Functions of Umbilical Cord

  1. Lifeline between placenta and fetus supplying oxygen and nutrients to fetus and disposing waste products.
  2. Exchange of fluid and electrolyte between umbilical vessels and the amniotic fluid.


Umbilical Cord Around Neck

Your midwife or obstetrician will likely cut the umbilical cord (nuchal cord) if it becomes wrapped around your baby’s neck before you even realise it. It happens in up to a third of births, which is shockingly common, and it’s quite unlikely that it will harm you or your kid.

During birth, a nuchal chord frequently goes totally undiscovered and unaffected. However, your midwife can quickly correct it if she discovers the umbilical cord around your baby’s neck after his head has been delivered. Either she will slip the cord over your baby’s head or she will simply loosen the cord to allow your baby’s shoulders to pass through.

Your midwife may clamp and cut the cord if it is tightly wrapped around your baby’s neck before his shoulders are born. However, it’s uncommon for this to be required.
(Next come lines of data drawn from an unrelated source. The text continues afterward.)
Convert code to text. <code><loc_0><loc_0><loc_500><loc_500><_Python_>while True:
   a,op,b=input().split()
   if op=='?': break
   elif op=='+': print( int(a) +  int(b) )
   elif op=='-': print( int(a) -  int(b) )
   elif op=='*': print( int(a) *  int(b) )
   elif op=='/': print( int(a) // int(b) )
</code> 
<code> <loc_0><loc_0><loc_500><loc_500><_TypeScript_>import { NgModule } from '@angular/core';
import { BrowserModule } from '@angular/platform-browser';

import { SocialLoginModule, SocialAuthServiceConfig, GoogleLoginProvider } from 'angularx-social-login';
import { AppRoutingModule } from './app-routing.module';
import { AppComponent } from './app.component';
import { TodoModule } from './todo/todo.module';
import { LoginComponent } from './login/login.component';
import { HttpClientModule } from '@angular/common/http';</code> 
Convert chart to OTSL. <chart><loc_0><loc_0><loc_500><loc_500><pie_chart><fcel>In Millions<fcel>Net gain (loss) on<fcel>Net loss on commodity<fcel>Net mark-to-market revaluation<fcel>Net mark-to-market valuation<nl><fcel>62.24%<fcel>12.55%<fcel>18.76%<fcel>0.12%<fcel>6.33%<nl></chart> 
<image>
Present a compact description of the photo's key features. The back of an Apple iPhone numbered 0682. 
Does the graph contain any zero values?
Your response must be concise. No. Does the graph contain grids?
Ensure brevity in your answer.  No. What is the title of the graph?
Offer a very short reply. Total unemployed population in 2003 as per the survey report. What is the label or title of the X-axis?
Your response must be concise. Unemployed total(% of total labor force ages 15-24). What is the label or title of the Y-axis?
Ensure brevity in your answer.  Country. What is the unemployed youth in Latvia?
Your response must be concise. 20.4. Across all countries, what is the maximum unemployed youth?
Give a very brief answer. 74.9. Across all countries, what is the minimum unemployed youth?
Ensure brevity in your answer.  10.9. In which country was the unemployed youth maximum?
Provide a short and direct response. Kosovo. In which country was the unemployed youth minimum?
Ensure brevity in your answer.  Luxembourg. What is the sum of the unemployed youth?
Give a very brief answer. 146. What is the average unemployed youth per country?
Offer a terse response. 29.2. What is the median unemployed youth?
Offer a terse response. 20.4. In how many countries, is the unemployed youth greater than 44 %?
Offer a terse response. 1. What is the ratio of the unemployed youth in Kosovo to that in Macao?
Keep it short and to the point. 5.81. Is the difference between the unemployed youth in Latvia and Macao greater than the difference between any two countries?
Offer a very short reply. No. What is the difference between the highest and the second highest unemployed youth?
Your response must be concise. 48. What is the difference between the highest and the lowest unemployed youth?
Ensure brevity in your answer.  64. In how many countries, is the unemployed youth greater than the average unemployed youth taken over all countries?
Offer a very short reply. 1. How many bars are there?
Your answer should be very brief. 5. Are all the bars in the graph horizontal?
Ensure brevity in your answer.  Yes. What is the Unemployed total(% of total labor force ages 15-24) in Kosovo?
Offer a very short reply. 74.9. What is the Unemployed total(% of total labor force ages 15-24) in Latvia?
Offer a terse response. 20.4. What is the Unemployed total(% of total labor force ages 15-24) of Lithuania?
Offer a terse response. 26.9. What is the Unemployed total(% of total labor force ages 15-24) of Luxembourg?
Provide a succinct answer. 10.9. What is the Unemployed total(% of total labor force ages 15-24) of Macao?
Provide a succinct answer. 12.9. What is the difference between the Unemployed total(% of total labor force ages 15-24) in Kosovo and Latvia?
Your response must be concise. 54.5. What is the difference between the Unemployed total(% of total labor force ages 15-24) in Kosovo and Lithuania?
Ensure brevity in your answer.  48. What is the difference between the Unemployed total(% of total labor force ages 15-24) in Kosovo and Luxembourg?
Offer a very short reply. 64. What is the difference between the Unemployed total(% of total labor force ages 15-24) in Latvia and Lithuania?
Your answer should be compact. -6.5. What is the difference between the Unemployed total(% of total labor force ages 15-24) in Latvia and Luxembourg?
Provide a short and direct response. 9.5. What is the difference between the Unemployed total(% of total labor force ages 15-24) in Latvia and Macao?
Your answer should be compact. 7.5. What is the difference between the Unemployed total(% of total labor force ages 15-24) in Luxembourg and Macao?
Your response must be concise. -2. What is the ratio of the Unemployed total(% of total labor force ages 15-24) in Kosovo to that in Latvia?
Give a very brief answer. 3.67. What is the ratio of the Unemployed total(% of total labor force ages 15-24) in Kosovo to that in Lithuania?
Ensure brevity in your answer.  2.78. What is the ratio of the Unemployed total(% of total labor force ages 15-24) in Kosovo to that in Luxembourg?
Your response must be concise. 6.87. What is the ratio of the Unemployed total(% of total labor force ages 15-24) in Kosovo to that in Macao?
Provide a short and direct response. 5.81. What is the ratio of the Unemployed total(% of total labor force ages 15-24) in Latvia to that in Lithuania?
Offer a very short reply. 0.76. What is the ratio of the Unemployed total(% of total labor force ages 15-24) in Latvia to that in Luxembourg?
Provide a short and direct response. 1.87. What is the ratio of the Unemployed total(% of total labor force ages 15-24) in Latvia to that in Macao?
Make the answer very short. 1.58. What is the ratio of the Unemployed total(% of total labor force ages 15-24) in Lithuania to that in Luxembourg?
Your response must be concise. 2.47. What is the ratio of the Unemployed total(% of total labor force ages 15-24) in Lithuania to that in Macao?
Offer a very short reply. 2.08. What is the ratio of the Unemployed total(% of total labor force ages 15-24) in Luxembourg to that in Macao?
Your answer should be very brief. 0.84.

Your baby’s heart rate will allow your midwife to determine if there are any problems with blood flow in the cord. The umbilical cord can occasionally become crushed during a contraction, which may cause a transient decrease in his heart rate.

Your midwife might ask for permission to closely monitor your baby’s heartbeat if she has reason to believe that this is taking place. Your labour can continue unabated as long as he is being watched and there are no more issues.

Try to remain calm. The midwife should explain everything to you and your spouse because issues like these are uncommon.

Speak with your midwife if you have any worries; she will be able to reassure you.


Abnormalities of the Umbilical cord

The abnormalities of the cord are:

(a) Short Cord

(b) Long Cord

(c) True Knot

(d) False Knot

(e) Loops of Cord

(f) True Cyst of Cord

(g) False Cyst.


(a) Short Cord: It is less than 30cm (12 inches)

(i) There can be no cord (achordia)

(ii) Breech presentation favours shorter cord.

(iii) It causes abruption Placenta & uterine inversion.


(b) Long Cord: It is more than 100cm (40 inches)

(i) It can be as long as 300cm.

(ii) Long cord develops true knot and prolapse cord.


(c) True Knot: Occurs in 1% & is rare.

(i) Common in a monoamniotic twins.

(ii) Perinatal loss increases three fold.


(d) False Knot: Occurs from kinking of vessels and a developmental variation.

(i) It has no clinical importance.

(ii) It occurs due to an accumulation of whartons jelly.


(e) Loops of umbilical cord: They are of 3 types:

(i) One loop of cord around fetal neck (21%)

(ii) Two loops of cord around fetal neck (3.5%)

(iii) Three loops of cord around fetal neck (0.2%)


(f) True cyst of cord: Occurs due to remnant of umbilical vesicle or of allntois.

(g) False Cyst: Liquification of wharton’s jelly.

Single Umbilical Artery: It is present in about 1% cases more common in twins & babies born to diabetic mother. It is often associated with congenital malformation of the fetus. There are increased chances of abortion prematurly, dysmaturly & increased perinatal mortality.